Hydration and ion distributions were tracked by binding atom positions from root mean square (r.m.s.) coordinate fit frames over all solute atoms at 1 ps intervals into (0.5 ?)3 grids. This procedure gives water density around the solute and, thus, main hydration sites are visible. Then, systematic monitoring of solute–solvent and solute–ion distances is carried out. Molecular interaction potentials (MIPs) were calculated by DelPhi (49) by solving the non-linear Poisson–Boltzmann equation with implicit solvent representation and zero ionic strength. Visualization was carried out using VMD (50), Pymol (DeLano Scientific, San Carlos, CA) and InsightII (Biosym/MSI, San Diego, CA). Interaction (stacking) energies between two bases were calculated using the force field (Anal module) considering only the two bases in a given mutual geometry and neglecting the rest of the system. The atomic charges were not modified after dissection. The interaction energy is then defined as the energy difference between the given base stack and the two bases separated into infinity assuming dielectric constant of 1 (in vacuo calculation). Relaxation of the monomers is not performed. The calculations thus include only the van der Waals and electrostatic terms.

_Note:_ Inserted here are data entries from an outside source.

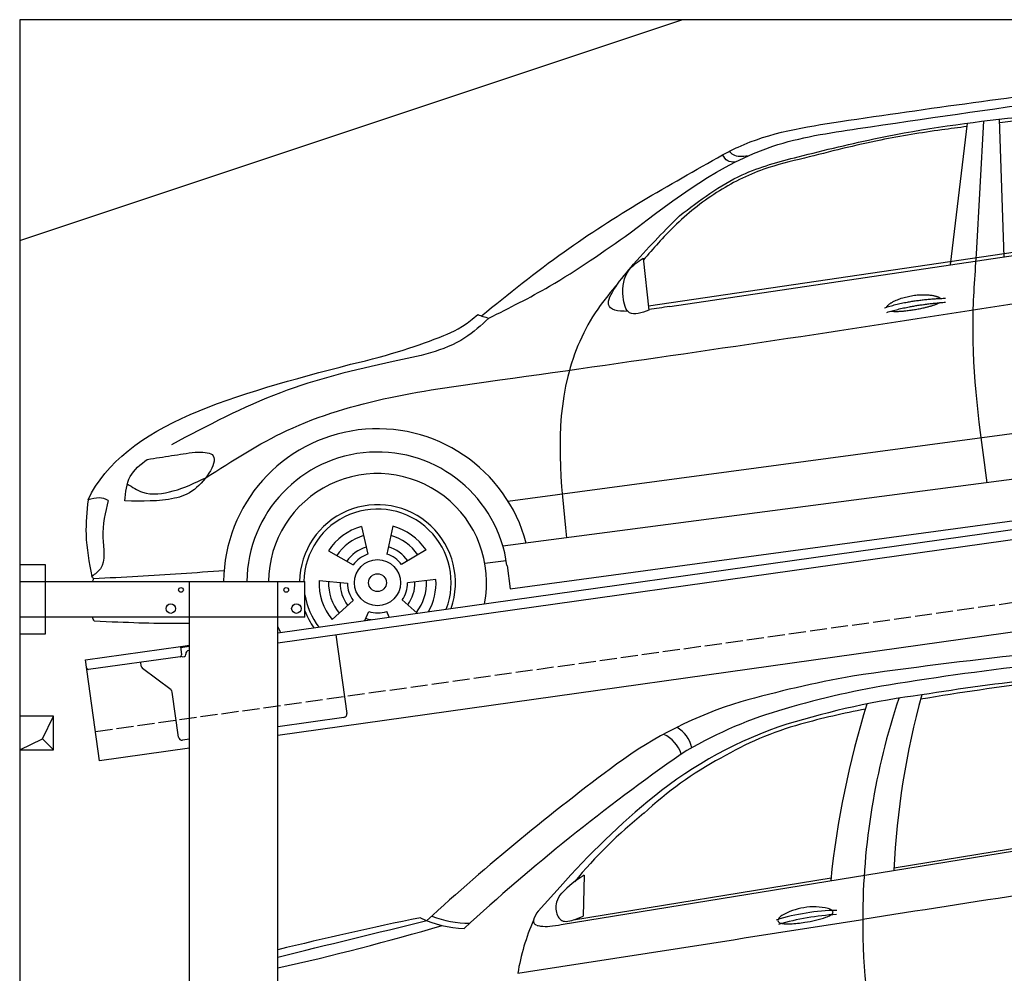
# Model space of a CAD drawing. Extents: x 0 to 5800, y -225 to 4750.
# Tile 2 of 3: x 0 to 2900, y 1943 to 4750. Entities that reach past the tile are written whole.
import ezdxf

# ---------------------------------------------------------------- set-up
doc = ezdxf.new("R2010")
doc.units = 0
doc.header["$LTSCALE"] = 10
doc.header["$MEASUREMENT"] = 0
doc.linetypes.add('GEN3', pattern=[6.25, 5, -1.25])
doc.layers.get('0').update_dxf_attribs({"linetype": 'CONTINUOUS'})
for name, color, linetype in [('3', 6, 'GEN3'), ('BREAKTHROUGH', 1, 'CONTINUOUS'), ('CAR', 1, 'CONTINUOUS')]:
    doc.layers.add(name, color=color, linetype=linetype)
doc.layers.add('AM_0', color=7, linetype='CONTINUOUS', lineweight=30)

# ---------------------------------------------------------------- blocks, each defined once
blk = doc.blocks.new('Car_K')
at = {"layer": 'CAR'}
for p, q in [((5285.1, 2846.6), (5334.8, 3263.8)), ((5361.4, 2878), (5383.3, 3270)), ((5442.5, 2870), (5429.2, 3275.3)), ((4395.3, 2725.6), (6371, 3016)), ((4457.7, 2723.8), (6379.4, 3009)), ((4379.1, 2866.5), (4396.7, 2713.3)), ((3981.4, 2150.9), (5902.5, 2408.8)), ((5954.6, 2278.4), (3966.6, 2017.9)), ((3987.9, 1892.3), (5969.5, 2160.9)), ((3549.7, 2076.4), (3568.1, 1994.6)), ((3641.8, 2077.1), (3624.8, 1995)), ((3452.6, 2004.6), (3525.4, 1963)), ((3740.1, 2007), (3667.9, 1964.2)), ((3913.1, 1968.5), (3976.3, 1975.6)), ((3978.5, 1961.3), (3987.9, 1892.3)), ((3424.8, 1916.8), (3508.3, 1908.9)), ((3769.3, 1919.6), (3685.9, 1910.4)), ((3463.1, 1802.2), (3525.1, 1858.6)), ((3714.2, 1820.9), (3669.9, 1859.8)), ((3559.9, 1799.2), (3571.3, 1825.7)), ((3631.9, 1809.3), (3624.3, 1826.1))]:
    blk.add_line(p, q, dxfattribs=at)
for radius in [67.9, 26.2]:
    blk.add_circle((3597.1, 1910.6), radius, dxfattribs=at)
for radius, start, end in [(453.2, 14.86, 179.5503), (384.7, 7.5734, 179.4702), (321.3, 348.8956, 179.3656), (229.5, 340.7371, 179.1121), (216.8, 338.9836, 179.0598), (172.4, 105.9643, 146.9655), (172.4, 33.9643, 74.9655), (144.5, 106.605, 146.3248), (144.5, 34.605, 74.3248), (110.3, 107.8341, 145.0957), (110.3, 35.8341, 73.0957), (88.8, 109.097, 143.8328), (88.8, 37.097, 71.8328), (172.4, 177.9643, 218.9655), (144.5, 178.605, 218.3248), (144.5, 322.605, 2.3248), (172.4, 330.4173, 2.9655), (110.3, 179.8341, 217.0957), (88.8, 181.097, 215.8328), (88.8, 325.097, 359.8328), (110.3, 323.8341, 1.0957), (216.8, 189.363, 217.0164), (229.5, 201.2851, 215.2629), (110.3, 251.8341, 260.346), (88.8, 253.097, 287.8328), (321.3, 203.8286, 207.1044)]:
    blk.add_arc((3597.1, 1910.6), radius, start, end, dxfattribs=at)
for points in [[(4960.4, 3268.4), (5748.6, 3373.1), (6565.3, 3342.1), (7001.7, 3128.2)], [(4341, 2940.3), (4761.1, 3195.4), (5012, 3247.5), (5597.3, 3332.3)], [(4486.6, 2990.7), (4671.5, 3111.4), (4835.8, 3164.4), (5073.4, 3220), (5478.3, 3280.6), (5845.3, 3309)], [(4613.5, 3170.2), (4659.2, 3193.1), (4960.4, 3268.4)], [(3903, 2696.1), (4146.8, 2885.1), (4613.5, 3170.2)], [(4649.4, 3148.3), (4628.6, 3152.5), (4613.5, 3170.2)], [(4687.2, 3166.4), (4645.3, 3170.5), (4633.1, 3180.6)], [(4854.3, 3160.3), (4734.7, 3127.8), (4595.7, 3058.9), (4471, 2959.6), (4379.8, 2860.3)], [(3925.1, 2689.5), (4103.6, 2783.3), (4341, 2940.3)], [(3091.3, 2219.7), (3330.1, 2358.5), (3957.2, 2507.7), (6400, 2878.8)], [(5392.7, 2204.8), (5351.1, 2680.1), (5361.4, 2878)], [(4396.7, 2713.3), (4339.5, 2705.2), (4320.6, 2752), (4338.5, 2831.7), (4379.1, 2866.5)], [(4306.1, 2792.5), (4245.7, 2716.3), (4157.7, 2518), (4154, 2042.4)], [(3893.1, 2699.9), (3907.7, 2694.5), (3925.3, 2689.7)], [(3925.1, 2689.5), (3854, 2631.3), (3642.8, 2561.4), (3311.2, 2469.9), (2990.2, 2316.7)], [(3059.7, 2295), (3110.1, 2287.6), (3057.8, 2185.2), (2999, 2159), (2853.2, 2151.3)], [(2919.1, 2273.7), (2990.6, 2284.7), (3059.7, 2295)], [(2853.2, 2151.3), (2868.7, 2223.2), (2919.1, 2273.7)], [(2860.2, 2201.5), (2904.9, 2177.1), (2995.7, 2180.6), (3091.3, 2219.7)], [(2744.5, 2154.1), (2738.6, 2052.2), (2755.6, 1929)], [(2803.8, 2152.6), (2788.3, 2043.9), (2781, 1951.5), (2755.6, 1929)], [(3145.3, 1945.7), (2891.3, 1928.7), (2761, 1922.3)]]:
    blk.add_spline(points, degree=3, dxfattribs=at)
for points, degree, knots in [([(6069.6, 3280.7), (6038.8, 3288), (5942.4, 3308.2), (5768.6, 3294.5), (5586.9, 3281.8), (5471.6, 3269.2), (5429.6, 3264.6)], 3, [41.799079, 41.799079, 41.799079, 41.799079, 136.523198, 337.310325, 558.263041, 685.022454, 685.022454, 685.022454, 685.022454]), ([(5333.6, 3253.4), (5308.7, 3250.3), (5223.6, 3239.4), (5062.6, 3213.6), (4929, 3179.4), (4854.3, 3160.3)], 3, [96.627312, 96.627312, 96.627312, 96.627312, 171.985535, 353.964722, 585.294651, 585.294651, 585.294651, 585.294651]), ([(4334.6, 2709.5), (4303.1, 2709), (4246, 2721.6), (4373.6, 2878.3), (4444.9, 2949.2), (4486.6, 2990.7)], 3, [93.12531, 93.12531, 93.12531, 93.12531, 180.032421, 319.648401, 516.477642, 516.477642, 516.477642, 516.477642]), ([(5096.6, 2721.7), (5100.1, 2730), (5124.3, 2747.3), (5178.1, 2764.2), (5225, 2761.1), (5250, 2752.2), (5255.3, 2747.7), (5255.6, 2747.5)], 5, [0.0314681, 0.0314681, 0.0314681, 0.0314681, 0.0314681, 0.0314681, 0.300106, 0.500106, 0.5095952, 0.5095952, 0.5095952, 0.5095952, 0.5095952, 0.5095952]), ([(5252.3, 2734.9), (5248.8, 2732.7), (5232.1, 2724.4), (5198.9, 2715.8), (5152.6, 2708), (5121.2, 2707.1), (5107.9, 2709.7)], 5, [0.6133618, 0.6133618, 0.6133618, 0.6133618, 0.6133618, 0.6133618, 0.700106, 0.9252293, 0.9252293, 0.9252293, 0.9252293, 0.9252293, 0.9252293]), ([(3518, 2553.7), (3639.3, 2581.7), (3745, 2618.4), (3845.3, 2659.5), (3893, 2699.8)], 3, [0, 0, 0, 0, 247.321337, 334.292188, 334.292188, 334.292188, 334.292188]), ([(3043.2, 1790.9), (3031.6, 1790.6), (2945.8, 1788.9), (2860.9, 1793.2), (2762.4, 1796.9)], 3, [250.354392, 250.354392, 250.354392, 250.354392, 285.458466, 509.835857, 509.835857, 509.835857, 509.835857])]:
    blk.add_open_spline(points, degree=degree, knots=knots, dxfattribs=at)
for points, degree in [([(5090.7, 2719.8), (5164, 2744.5), (5270.4, 2748.1)], 2), ([(5097.2, 2706.5), (5169.3, 2728.8), (5269.6, 2736.4)], 2), ([(4457.7, 2723.8), (4436.9, 2720.6), (4416.2, 2717.4), (4396.5, 2714.9)], 3), ([(2744.5, 2154.1), (2850, 2378.9), (3184, 2466.3), (3518, 2553.7)], 3), ([(2803.8, 2152.6), (2787.9, 2162.9), (2767.7, 2161.4), (2744.5, 2154.1)], 3), ([(2761, 1922.3), (2759.2, 1924.6), (2757.3, 1926.8), (2755.6, 1929)], 3), ([(2757.6, 1914.2), (2758.7, 1916.9), (2759.9, 1919.6), (2761, 1922.3)], 3), ([(2762.4, 1796.9), (2760.8, 1801), (2759.2, 1805.1), (2757.7, 1809.2)], 3)]:
    blk.add_open_spline(points, degree=degree, dxfattribs=at)
blk = doc.blocks.new('Car_155EG')
at = {"layer": 'CAR'}
for p, q in [((15664.7, 4410.1), (17534.5, 4714.5)), ((16645.2, 4577.5), (17534.5, 4722.1)), ((15732.6, 4555.4), (15729.1, 4435.2)), ((15700.8, 4423.8), (16459.6, 4547.3)), ((15661.5, 4521.2), (15596.6, 4449.6))]:
    blk.add_line(p, q, dxfattribs=at)
for centre, radius, start, end in [((18694, -10124.2), 15419.6, 94.3124, 98.09634), ((18136.2, -4245.6), 9481.6, 93.63867, 99.15042), ((17989.7, -2941), 8126.3, 94.03951, 98.9395), ((17181.1, 1529.7), 3671.6, 100.3364, 105.6022), ((17983.9, -2413.4), 7592.3, 94.25827, 99.55699), ((17071.4, 2484.2), 2668.2, 99.5574, 106.7064), ((17053.6, 2630.9), 2477.3, 97.577, 107.0059), ((18616.5, 4422.9), 2063.7, 161.5582, 179.9355), ((18991.4, 4460.3), 2349.5, 164.5389, 177.3165), ((16553, 3894.1), 1225.8, 107.0523, 126.2645), ((19062.4, 4274.6), 2617.4, 162.5629, 174.1779), ((16658.8, 3859.4), 1232.4, 106.7137, 121.3158), ((16970.3, 2842.2), 2239.8, 100.529, 105.5624), ((16717.7, 3819), 1243.3, 108.2158, 128.8281), ((15959.6, 4911.8), 91.5, 12.0243, 59.9294), ((16635.6, 4047.9), 988.5, 105.6005, 120.4227), ((15925.5, 4881.6), 97.7, 18.2901, 65.1227), ((19521.9, -104.2), 6118.9, 124.93127, 132.61896), ((20035.4, -796.8), 7068, 126.5325, 132.40751), ((16645.7, 3949.3), 1079.5, 118.2359, 133.1018), ((17404.1, 2987.6), 2321.4, 129.1602, 138.651), ((16765.4, 3663.5), 1374.2, 128.5808, 140.5892), ((15898, 4279), 322.2, 120.9017, 136.2121), ((51615.9, -218834.6), 225996.3, 98.673598, 98.925442), ((15718.8, 4454.8), 71.2, 138.1205, 162.7296), ((15703.1, 4461), 54.4, 164.0156, 185.85), ((15664.2, 4398.3), 84.9, 142.7873, 163.0255), ((15707.3, 4460.6), 58.6, 185.0661, 203.9084), ((16485.2, 3817.9), 634, 90.7918, 107.1893), ((16525.4, 3645.1), 796.5, 93.5771, 106.1108), ((16403.2, 4288.9), 172.3, 97.9638, 120.9901), ((16409.8, 4299), 163.5, 75.3886, 100.7489), ((16418.5, 4507.5), 80.1, 289.0194, 299.7625), ((16439, 4418), 41, 58.2109, 72.922), ((16446.9, 4457.7), 22.8, 300.3042, 315.7052), ((16452.1, 4439.7), 15.6, 45.0481, 57.1734), ((16457.7, 4445.1), 7.84, 22.96, 45.932), ((16457.4, 4447.4), 8.11, 315.9856, 344.4209), ((16460.3, 4446.3), 5.01, 347.947, 21.7566), ((17219.1, -5310.3), 9937.6, 101.42828, 103.91192), ((-69903.6, 351831.3), 357697.6, 283.702793, 283.775179), ((15389.6, 4718.9), 320.6, 244.2014, 268.0559), ((15398.9, 4734.1), 320.2, 248.9292, 269.3862), ((-61705179.6, 395789156.2), 400568503, 278.863605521, 278.863752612), ((16191.1, 4157.6), 663.4, 156.4501, 170.5305), ((15595.7, 4420.5), 12.9, 168.7303, 201.81), ((15596.5, 4422.3), 14.4, 207.0634, 249.4938), ((15608.2, 4449.9), 44.3, 247.8316, 263.7552), ((15616.4, 4624.8), 220, 273.791, 282.6779), ((15683.2, 4449.2), 31.9, 202.8257, 231.4045), ((15678.1, 4445.5), 25.9, 235.0426, 272.241), ((15676.5, 4491.4), 71.8, 272.1557, 289.795), ((15583.4, 4757.4), 353.6, 289.381, 294.3343), ((16312.4, 4422), 9.3, 148.8786, 180.7463), ((16309.5, 4422.3), 6.43, 183.6165, 232.5438), ((16332.1, 4408.5), 33.2, 122.0402, 146.5393), ((16318, 4434.5), 21.3, 234.3825, 263.3833), ((16332.5, 4529.3), 117.2, 261.5605, 273.3561), ((16320.9, 4784), 372.1, 272.8573, 279.4841), ((16338.1, 4740.8), 326.8, 277.7429, 289.0217), ((18120.9, 4405.1), 1568.2, 179.2666, 195.413), ((13096.7, 12003.7), 7913.4, 282.65065, 286.27288), ((15620.5, 4563.7), 158.8, 263.7976, 273.7823)]:
    blk.add_arc(centre, radius, start, end, dxfattribs=at)

msp = doc.modelspace()

# ---------------------------------------------------------------- linework, layer by layer
for p, q in [((5300, 4750), (0, 4750)), ((0, 4750), (0, -50)), ((0, 4100), (1950, 4750)), ((760, 2945.2), (3238.8, 3293.6)), ((3246, 3264.3), (760, 2914.9)), ((0, 3146.2), (75, 3146.2)), ((75, 3146.2), (75, 2941.2)), ((0, 3096.2), (840, 3096.2)), ((500, 1676.2), (500, 3096.2)), ((760, -43.8), (760, 3096.2)), ((840, 2991.2), (840, 3096.2)), ((3464.7, 3022.4), (760, 2642.2)), ((840, 2991.2), (0, 2991.2)), ((75, 2941.2), (0, 2941.2)), ((930.7, 2938.9), (963.3, 2707.2)), ((193.8, 2865.6), (473.5, 2904.9)), ((473.5, 2904.9), (500, 2908.6)), ((473.5, 2904.9), (477, 2880.2)), ((500, 2904.6), (474.1, 2901)), ((472.7, 2874.5), (202.9, 2836.6)), ((480.3, 2874.6), (485.3, 2875.3)), ((489.5, 2880.9), (489.4, 2881.9)), ((497.9, 2893.2), (500, 2893.5)), ((235.5, 2568.5), (193.8, 2865.6)), ((358, 2846.4), (356.4, 2858.2)), ((445.7, 2776.7), (361.9, 2839.8)), ((468.2, 2637.6), (449.5, 2770.1)), ((954.8, 2695.9), (760, 2668.5)), ((500, 2631.9), (479.5, 2629.1)), ((500, 2605.7), (235.5, 2568.5))]:
    msp.add_line(p, q)
for centre, radius in [((475, 3071.2), 7), ((785, 3071.2), 7), ((445, 3016.2), 14), ((815, 3016.2), 14)]:
    msp.add_circle(centre, radius)
for centre, radius, start, end in [((472, 2879.5), 5, 278, 8), ((479.6, 2879.5), 5, 221.2367, 278), ((484.6, 2880.2), 5, 278, 8), ((499.3, 2883.3), 10, 98, 188), ((367.9, 2847.8), 10, 188, 233), ((202.2, 2841.5), 5, 188, 278), ((439.6, 2768.7), 10, 8, 53), ((953.4, 2705.8), 10, 278, 8), ((478.1, 2639), 10, 188, 278)]:
    msp.add_arc(centre, radius, start, end)
at = {"layer": '3'}
msp.add_line((223.4, 2654.7), (5230.8, 3358.4), dxfattribs=at)
at = {"layer": 'BREAKTHROUGH'}
for p, q in [((67.4, 2633), (100, 2700)), ((0, 2600), (67.4, 2633)), ((67.2, 2632.8), (100, 2600))]:
    msp.add_line(p, q, dxfattribs=at)
msp.add_lwpolyline([(100, 2700), (0, 2700), (0, 2600), (100, 2600)], close=True, dxfattribs=at)

# ---------------------------------------------------------------- block references
at = {"layer": 'AM_0'}
msp.add_blockref('Car_155EG', (-14069.8, -2324.2), dxfattribs=at)
at = {"layer": 'CAR'}
msp.add_blockref('Car_K', (-2543.2, 1181.9), dxfattribs=at)

doc.saveas('drawing.dxf')

The calculations provide crude insight in the stability because solvent screening is not included.
Initial structures
The RAT simulated system was based on the 29 nt RNA crystal structure (PDB code, 430D; NDB code, UR0002) determined at 2.1 ? resolution. Two terminal G/C WC base pairs were omitted. The ECOLI simulated structure was based on the 27 nt RNA crystal structure (PDB code, 483D; NDB code, UR0007) determined at 1.11 ?. Unpaired terminal nucleotides U, G and adjacent G/U base pair were removed. Additional simulations (35 ns in total) of mutated structures (containing C4322G/G4327C and C4322U/G4327A mutations) based on the rat SRD motif (11) were carried out. These control simulations exhibited very similar behavior as simulations of non-mutated structures and their results are only briefly mentioned in Supplementary Data.
RESULTS
The length of each simulation of ECOLI and RAT systems was 25 ns (total 100 ns). The simulations were very stable with instantaneous r.m.s.d. values to the crystal structures along the whole trajectories 1.5–1.7 ? (Supplementary Figure S1).
Hydrogen bonding
ECOLI simulations
All WC base pairs were stable. Non-WC base pairs are described in detail in Supplementary Table S1. Originally, G2659 and A2662 are connected by bifurcated hydrogen bond between N2(G) and N7(A)/O2P(A). During the simulation new contact between N1(G) the O2P(A) was established. In the tetraloop area, there is also H-bond contact between O2'(G2659) and N7(G2661). The G2664/A2657 base pair contains direct H-bonds between bases in the crystal: N7(A)–N2(G) and N6(A)–N3(G). Other contacts are N6(A2657)–O2'(G2664), N1(G2664)–O2P(U2656), N2(G2664)–O2P(U2656) and O6(G2664)–O2'(G2655). The last three contacts of G2664 with backbone were disrupted due to backbone switch observed in early stages of the simulation followed by modest reorientation of G2655 phosphate (see below).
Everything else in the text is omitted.